Various implementations of the systems and techniques described here above may be implemented in digital electronic circuitry, integrated circuitry, Field Programmable Gate Arrays (FPGAs), Application Specific Integrated Circuits (ASICs), Application Specific Standard Products (ASSPs), system on a chip (SOCs), load programmable logic devices (CPLDs), computer hardware, firmware, software, and/or combinations thereof. These various embodiments may include: implemented in one or more computer programs that are executable and/or interpretable on a programmable system including at least one programmable processor, which may be special or general purpose, receiving data and instructions from, and transmitting data and instructions to, a storage system, at least one input device, and at least one output device.

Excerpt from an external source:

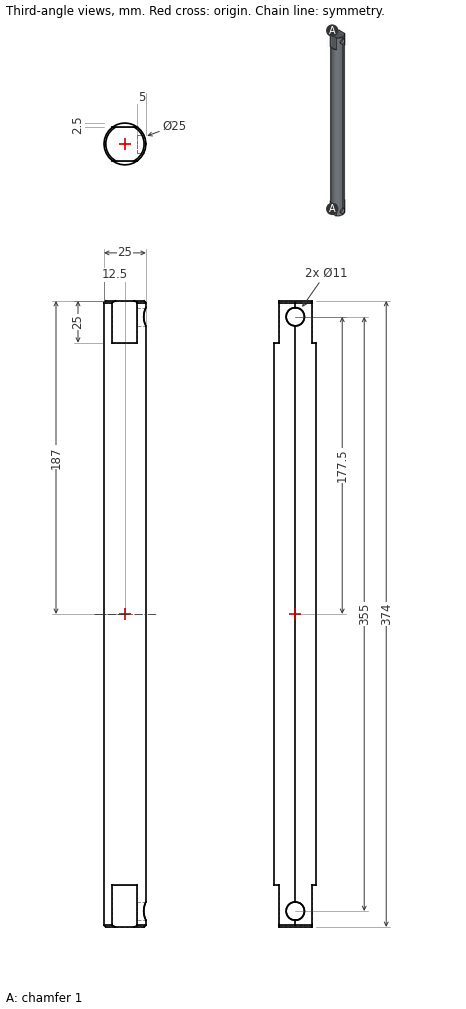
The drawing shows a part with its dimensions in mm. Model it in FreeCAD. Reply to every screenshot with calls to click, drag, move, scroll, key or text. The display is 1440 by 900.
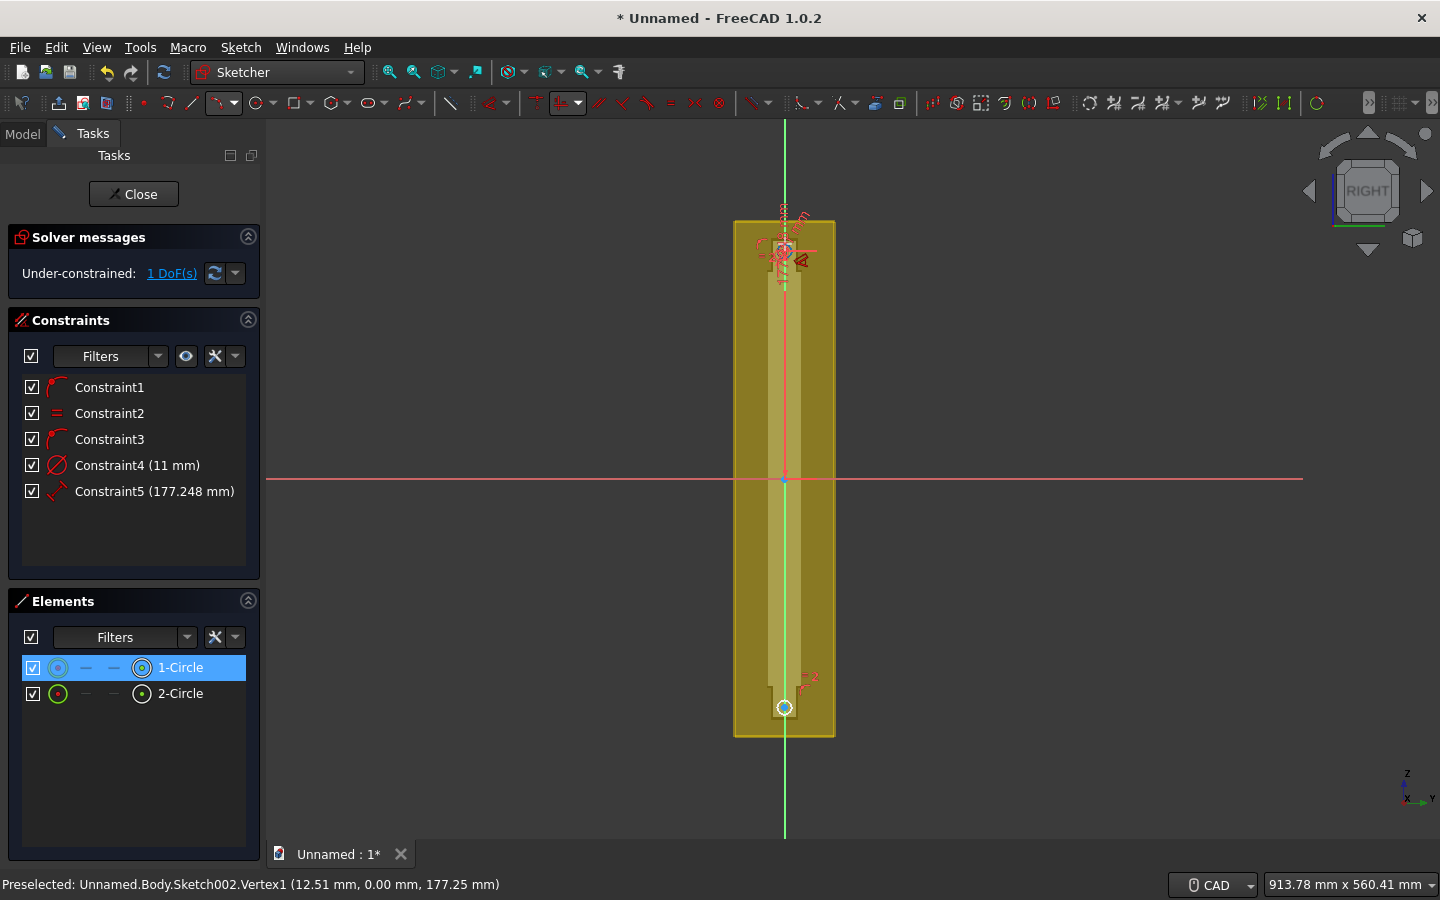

Program code for implementing the methods of the present disclosure may be written in any combination of one or more programming languages. These program codes may be provided to a processor or controller of a general purpose computer, special purpose computer, or other programmable data processing apparatus, such that the program codes, when executed by the processor or controller, cause the functions/operations specified in the flowchart and/or block diagram to be performed. The program code may execute entirely on the machine, partly on the machine, as a stand-alone software package partly on the machine and partly on a remote machine or entirely on the remote machine or server.
In the context of this disclosure, a machine-readable medium may be a tangible medium that can contain, or store a program for use by or in connection with an instruction execution system, apparatus, or device. The machine-readable medium may be a machine-readable signal medium or a machine-readable storage medium. A machine-readable medium may include, but is not limited to, an electronic, magnetic, optical, electromagnetic, infrared, or semiconductor system, apparatus, or device, or any suitable combination of the foregoing. More specific examples of a machine-readable storage medium would include an electrical connection based on one or more wires, a portable computer diskette, a hard disk, a Random Access Memory (RAM), a read-only memory (ROM), an erasable programmable read-only memory (EPROM or flash memory), an optical fiber, a portable compact disc read-only memory (CD-ROM), an optical storage device, a magnetic storage device, or any suitable combination of the foregoing.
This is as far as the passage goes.